The cpac_data_config_setup.py command line utility will produce a YAML file containing all of the participants and various properties associated with that participant, such as its ID, session number, the location of its resting-state/functional and anatomical scans. Before each participant definition there is a single line with a dash, which indicates that start of the property definitions. Participant properties are indented under this dash. To illustrate, see the sample participant definition below:

# example of data stored locally
-
    subject_id: sub01
    unique_id: ses01
    anat: /path/to/site01/sub01/ses01/anatomical.nii.gz
    creds_path: None
    func:
      scan_1:
        scan: /path/to/site01/sub01/ses01/scan_1_func.nii.gz
        scan_parameters:
          acquisition: seq+z
          firsttr (start volume index): ''
          lasttr (final volume index): ''
          reference: 27
          tr: 3.0
    site: site01
-
    subject_id: sub02
    unique_id: ses02
    anat: /path/to/site01/sub02/ses02/anatomical.nii.gz
    creds_path: None
    func:
      scan_1:
        scan: /path/to/site01/sub02/ses02/scan_1_func.nii.gz
        scan_parameters: None
    site: site01

# example of data stored on an AWS S3 bucket
-
    subject_id: sub200
    unique_id: ses-1
    anat: s3://s3_bucket/path/to/site_A/sub200/anatomical.nii.gz
    creds_path: None (or) /path/to/AWS_credentials.csv
    func:
      scan_name_REST:
        scan: s3://s3_bucket/path/to/site_A/sub200/scan_name_REST_func.nii.gz
        scan_parameters: s3://s3_bucket/path/to/site_A/scan_name_REST_func.json
    site: site_A

# with a brain mask for brain extraction (bypassing skull-stripping)
-
    subject_id: sub02
    unique_id: ses02
    anat: /path/to/site01/sub02/ses02/anatomical.nii.gz
    brain_mask: /path/to/site01/sub02/ses02/brain-mask.nii.gz
    creds_path: None
    func:
      scan_1:
        scan: /path/to/site01/sub02/ses02/scan_1_func.nii.gz
        scan_parameters: None
    site: site01

# with field map files for distortion correction
-
    subject_id: sub01
    unique_id: ses01
    anat: /path/to/site01/sub01/ses01/anatomical.nii.gz
    creds_path: None
    func:
      scan_1:
        scan: /path/to/site01/sub01/ses01/scan_1_func.nii.gz
        fmap_phase: /path/to/site01/sub01/ses01/scan_1_phase-diff.nii.gz
        fmap_mag: /path/to/site01/sub01/ses01/scan_1_magnitude.nii.gz
    site: site01

Note that more than one functional scan is defined under the func key (i.e., multiple series), and that individual scan parameters can be defined to override the default settings.

Output Directory Ingress

New in version 1.8.6.

C-PAC now allows users to pull pre-computed data from a FreeSurfer or fMRIPrep output directory. This is done through the data config file.

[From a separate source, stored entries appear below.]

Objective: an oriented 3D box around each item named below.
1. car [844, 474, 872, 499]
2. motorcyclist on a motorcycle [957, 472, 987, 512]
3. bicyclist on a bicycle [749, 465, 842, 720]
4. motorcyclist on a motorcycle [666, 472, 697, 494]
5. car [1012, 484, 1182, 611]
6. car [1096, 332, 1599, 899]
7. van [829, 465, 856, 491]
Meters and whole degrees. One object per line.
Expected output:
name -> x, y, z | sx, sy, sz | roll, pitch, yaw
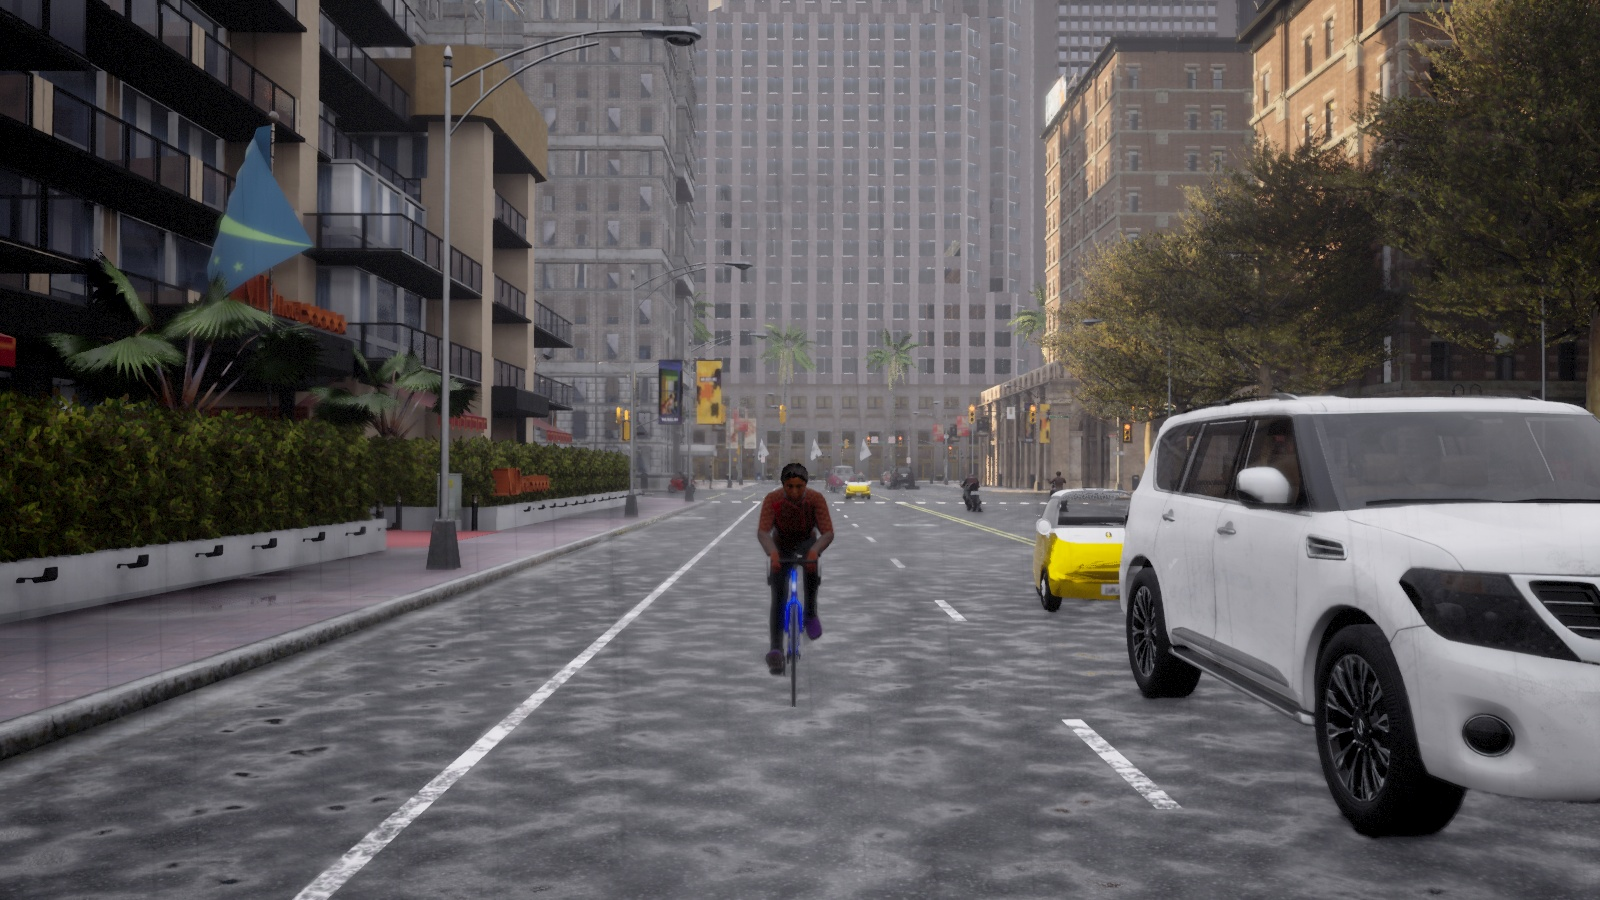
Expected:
car -> 3.246, 2.035, 70.350 | 1.481, 1.376, 2.207 | 0, -1, 0
motorcyclist on a motorcycle -> 6.820, 1.657, 49.830 | 0.866, 1.530, 2.191 | 0, -1, 0
bicyclist on a bicycle -> -0.034, 0.915, 8.808 | 0.582, 1.620, 1.656 | 0, -1, 0
motorcyclist on a motorcycle -> -8.206, 2.288, 86.958 | 2.044, 1.523, 0.797 | 1, -2, -22
car -> 3.445, 1.105, 14.898 | 1.481, 1.376, 2.207 | 0, -1, 0
car -> 3.470, 0.642, 7.276 | 2.150, 2.045, 5.566 | 0, -1, 0
van -> 3.304, 2.200, 98.260 | 1.775, 1.987, 4.442 | 0, -1, -3

# Example of how to include FreeSurfer outputs in the data config:
      anat:
        T1w: $PATH_TO/T1w.nii.gz
        freesurfer_dir: $PATH_TO/freesurfer/$SUBDIR/$SUBDIR
      func:
        func-run-1:
          scan: $PATH_TO/run-1_bold.nii.gz
          scan_parameters: $PATH_TO/run-1_bold.json
        func-run-2:
          scan: $PATH_TO/run-2_bold.nii.gz
          scan_parameters: $PATH_TO/run-2_bold.json
      site: $SITE
      subject_id: $SUB
      unique_id: $SES

When pulling fMRIPrep outputs into C-PAC, you only need to include a few sections of the data config, since no raw data is required.

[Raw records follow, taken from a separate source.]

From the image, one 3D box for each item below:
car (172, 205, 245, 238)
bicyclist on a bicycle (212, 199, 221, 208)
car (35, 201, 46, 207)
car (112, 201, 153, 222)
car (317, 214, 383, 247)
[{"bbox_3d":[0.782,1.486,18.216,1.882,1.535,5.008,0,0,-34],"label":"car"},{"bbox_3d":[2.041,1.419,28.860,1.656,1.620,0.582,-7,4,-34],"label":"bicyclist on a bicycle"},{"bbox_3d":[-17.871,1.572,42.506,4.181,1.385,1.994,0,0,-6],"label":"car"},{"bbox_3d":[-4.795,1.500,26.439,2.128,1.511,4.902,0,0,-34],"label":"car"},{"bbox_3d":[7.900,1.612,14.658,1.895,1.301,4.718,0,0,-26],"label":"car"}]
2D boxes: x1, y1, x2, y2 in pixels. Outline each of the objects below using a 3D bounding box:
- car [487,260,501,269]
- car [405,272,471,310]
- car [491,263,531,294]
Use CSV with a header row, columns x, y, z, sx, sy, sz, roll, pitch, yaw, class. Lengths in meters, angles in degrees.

# Example of how to include fMRIPrep outputs in the data config:
    site: $SITE
    subject_id: $SUB
    unique_id: $SES
    derivatives_dir: $PATH_TO/fMRIPrep/$SUBDIR/$SUBDIR

You may also need to modify your pipeline YAML. For FreeSurfer, please ensure that surface_analysis > freesurfer > ingress_reconall is switched on. For fMRIPrep, make sure that pipeline_setup > outdir_ingress is switched on.